Alessandro Corti
Dacci oggi il nostro litigio quotidiano. Non c’è tema sul quale, nell’esecutivo “giallo-verde”, non si aprano crepe vistose. E non c’è contratto di governo che tenga: i due azionisti di maggioranza, la Lega e il Movimento Cinque Stelle, non fanno praticamente nulla per nascondere di avere idee diverse. L’ultimo terreno di scontro è quello dei vaccini, con l’ennesima bordata lanciata dal leader del Carroccio Matteo Salvini, schierato apertamente dalla parte dei cosiddetti “no-Vax”. Secca la replica della ministra della Salute grillina, Giulia Grillo: “Su questo tema decido io”. Posizioni difficilmente conciliabili. Così come è altrettanto difficile far convivere il pugno duro del leader leghista sui migranti e Rom con la strategia molto più morbida e dialogante del premier Conte e del sui vicepremier, Luigi Di Maio, pronti a trattare la questione con l’Unione Europea ma senza eccedere con le posizioni “sovraniste” o “populistiche”. Stesso copione sulla questione della scorta a Roberto Saviano, che Salvini vorrebbe quantomeno “ridiscutere” se non eliminare. Quanto basta per consentire alla Lega, di conquistare i titoloni dei giornali e giocare all’attacco e mentre i grillini rincorrono e sono costretti a fare catenaccio per evitare il peggio. E le frizioni fra i due partiti non finiscono certo qui. L’elenco è lunghissimo: dalle deleghe per il ministro degli Affari Europei, Paolo Savona, fortemente appoggiato da Salvini e rimasto fino ad ora a bocca asciutta fino alle tasse, con i leghisti che vorrebbero un condono tombale e i grillini, invece, più orientati verso una riedizione, sia pure riveduta e corretta, della rottamazione delle cartelle Equitalia.

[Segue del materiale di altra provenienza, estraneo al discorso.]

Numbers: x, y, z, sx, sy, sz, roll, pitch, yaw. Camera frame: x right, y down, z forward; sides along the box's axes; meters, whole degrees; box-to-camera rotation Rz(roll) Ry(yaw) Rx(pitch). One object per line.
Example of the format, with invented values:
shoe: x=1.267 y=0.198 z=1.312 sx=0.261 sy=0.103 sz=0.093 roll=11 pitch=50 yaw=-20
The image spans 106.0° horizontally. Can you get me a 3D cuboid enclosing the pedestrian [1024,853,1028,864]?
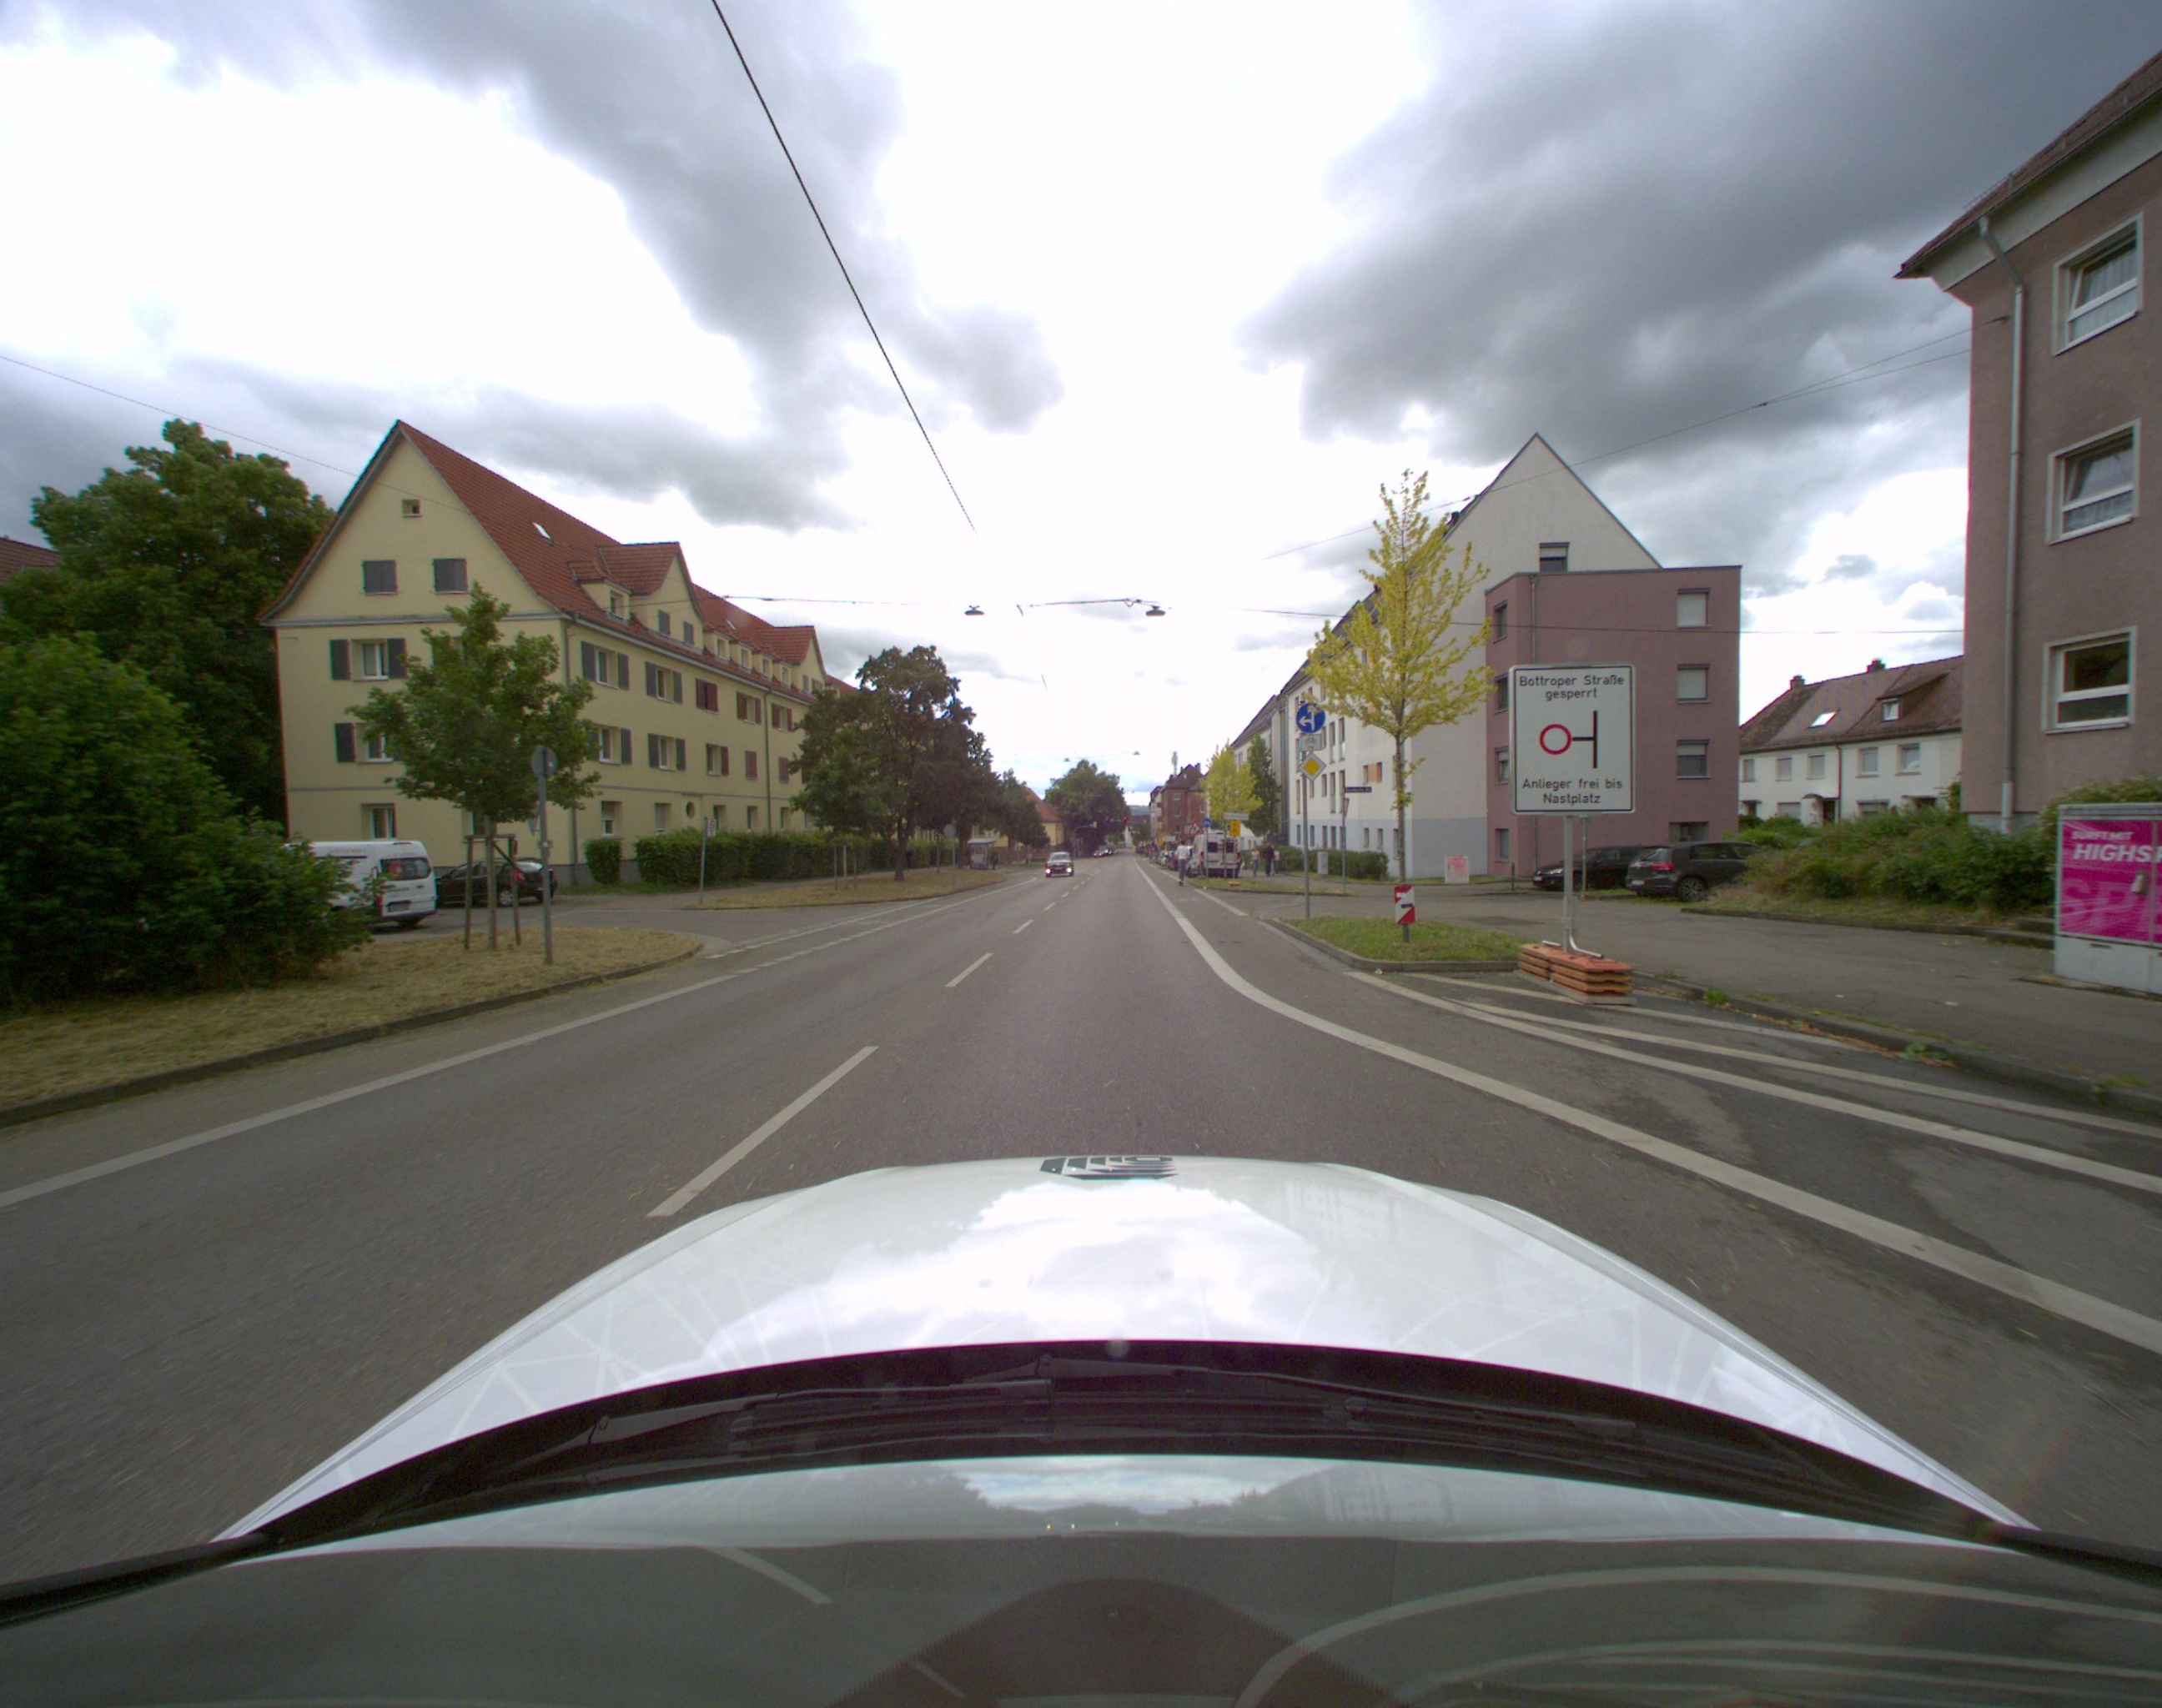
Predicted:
pedestrian: x=-8.646 y=0.732 z=128.056 sx=0.561 sy=1.777 sz=0.843 roll=-1 pitch=0 yaw=3

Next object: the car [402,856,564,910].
car: x=-19.183 y=0.902 z=26.222 sx=3.889 sy=1.529 sz=1.692 roll=-1 pitch=3 yaw=2

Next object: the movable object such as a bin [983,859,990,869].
movable object such as a bin: x=-8.481 y=0.879 z=72.895 sx=0.534 sy=0.845 sz=0.666 roll=0 pitch=0 yaw=4

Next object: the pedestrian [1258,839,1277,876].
pedestrian: x=9.921 y=0.194 z=43.295 sx=0.670 sy=1.887 sz=0.764 roll=-1 pitch=-1 yaw=-9

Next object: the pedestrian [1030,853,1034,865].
pedestrian: x=-7.662 y=0.783 z=127.657 sx=0.561 sy=1.777 sz=0.717 roll=-1 pitch=0 yaw=3

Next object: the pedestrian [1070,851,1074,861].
pedestrian: x=-1.637 y=0.401 z=149.704 sx=0.670 sy=1.765 sz=0.727 roll=-1 pitch=0 yaw=7

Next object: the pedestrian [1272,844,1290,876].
pedestrian: x=10.667 y=0.316 z=43.517 sx=0.656 sy=1.605 sz=0.574 roll=-5 pitch=0 yaw=-6

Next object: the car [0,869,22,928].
car: x=-31.082 y=1.235 z=21.593 sx=3.801 sy=1.566 sz=1.746 roll=-1 pitch=0 yaw=3

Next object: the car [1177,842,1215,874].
car: x=7.552 y=0.239 z=54.097 sx=1.985 sy=1.944 sz=5.215 roll=-1 pitch=0 yaw=2

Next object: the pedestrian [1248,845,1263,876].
pedestrian: x=9.495 y=0.341 z=44.251 sx=0.576 sy=1.644 sz=0.559 roll=-1 pitch=-1 yaw=-11

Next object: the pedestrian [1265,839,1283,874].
pedestrian: x=10.565 y=0.161 z=44.636 sx=0.671 sy=1.887 sz=0.617 roll=-1 pitch=-1 yaw=-14

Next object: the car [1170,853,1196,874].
car: x=8.130 y=0.744 z=65.402 sx=1.674 sy=1.544 sz=4.341 roll=0 pitch=0 yaw=2

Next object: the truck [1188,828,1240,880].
truck: x=7.050 y=-0.017 z=43.651 sx=2.044 sy=2.565 sz=5.693 roll=-1 pitch=0 yaw=2

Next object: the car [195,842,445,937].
car: x=-19.630 y=0.880 z=21.154 sx=4.698 sy=2.253 sz=1.997 roll=-1 pitch=0 yaw=3

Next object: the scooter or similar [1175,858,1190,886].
scooter or similar: x=4.470 y=0.761 z=35.961 sx=0.488 sy=1.163 sz=2.076 roll=-1 pitch=0 yaw=3

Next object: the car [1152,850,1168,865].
car: x=9.399 y=0.444 z=97.376 sx=1.652 sy=1.716 sz=4.554 roll=0 pitch=0 yaw=2

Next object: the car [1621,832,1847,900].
car: x=15.516 y=0.308 z=19.508 sx=3.970 sy=1.453 sz=1.689 roll=-2 pitch=-2 yaw=3

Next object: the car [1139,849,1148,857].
car: x=16.208 y=-0.231 z=210.858 sx=1.987 sy=1.935 sz=4.919 roll=-1 pitch=0 yaw=0

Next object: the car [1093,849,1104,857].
car: x=3.300 y=-0.248 z=152.685 sx=1.747 sy=1.472 sz=4.314 roll=-2 pitch=0 yaw=6

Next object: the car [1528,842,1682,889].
car: x=17.369 y=0.369 z=27.143 sx=3.969 sy=1.456 sz=1.762 roll=-1 pitch=0 yaw=4

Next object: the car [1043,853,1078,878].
car: x=-1.344 y=0.738 z=54.599 sx=1.891 sy=1.620 sz=4.366 roll=-1 pitch=0 yaw=4

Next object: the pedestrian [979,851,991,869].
pedestrian: x=-8.626 y=0.534 z=73.021 sx=0.895 sy=1.509 sz=0.807 roll=0 pitch=0 yaw=3

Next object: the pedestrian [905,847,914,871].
pedestrian: x=-12.759 y=0.368 z=60.568 sx=0.511 sy=1.779 sz=0.754 roll=-1 pitch=0 yaw=3

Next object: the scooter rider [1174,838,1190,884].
scooter rider: x=4.441 y=0.316 z=35.986 sx=0.623 sy=2.013 sz=0.758 roll=-1 pitch=0 yaw=2

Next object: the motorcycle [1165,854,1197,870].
motorcycle: x=8.406 y=0.693 z=68.368 sx=2.590 sy=1.278 sz=0.753 roll=-1 pitch=0 yaw=-2

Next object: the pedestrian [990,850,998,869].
pedestrian: x=-8.039 y=0.519 z=75.245 sx=0.594 sy=1.727 sz=0.862 roll=0 pitch=0 yaw=6

E’ vero che all’interno delle coalizioni di governo, per la loro stessa natura, ci possono (e devono) essere pensieri diversi. E’ già successo tante volte nella storia repubblicana, sia con gli esecutivi di centrodestra sia con quelli di centrosinistra. Bisogna però capire qual è il confine da non superare affinché la normale dialettica fra le forze politiche non si traduca, di fatto, in una campagna elettorale permanente e, quindi, in una sostanziale ingovernabilità. Nei prossimi giorni l’esecutivo dovrà prendere decisioni importanti. C’è da rinnovare il Cda della Rai, compreso il Presidente e il Direttore generale. Sono in scadenza almeno 380 poltrone nelle società pubbliche. Senza contare, poi, le grandi questioni economiche: si dovrà decidere, ad esempio, quali misure far confluire nella prossima legge di Bilancio e se sfidare o meno la Commissione Europea sui parametri del deficit. Insomma, un’agenda fittissima di temi e di scadenze che avrebbe bisogno, per lo meno, di un governo impegnato più a governare che a litigare. L’esatto contrario di quello che sta andando in scena in questi giorni e che comincia a preoccupare anche i mercati.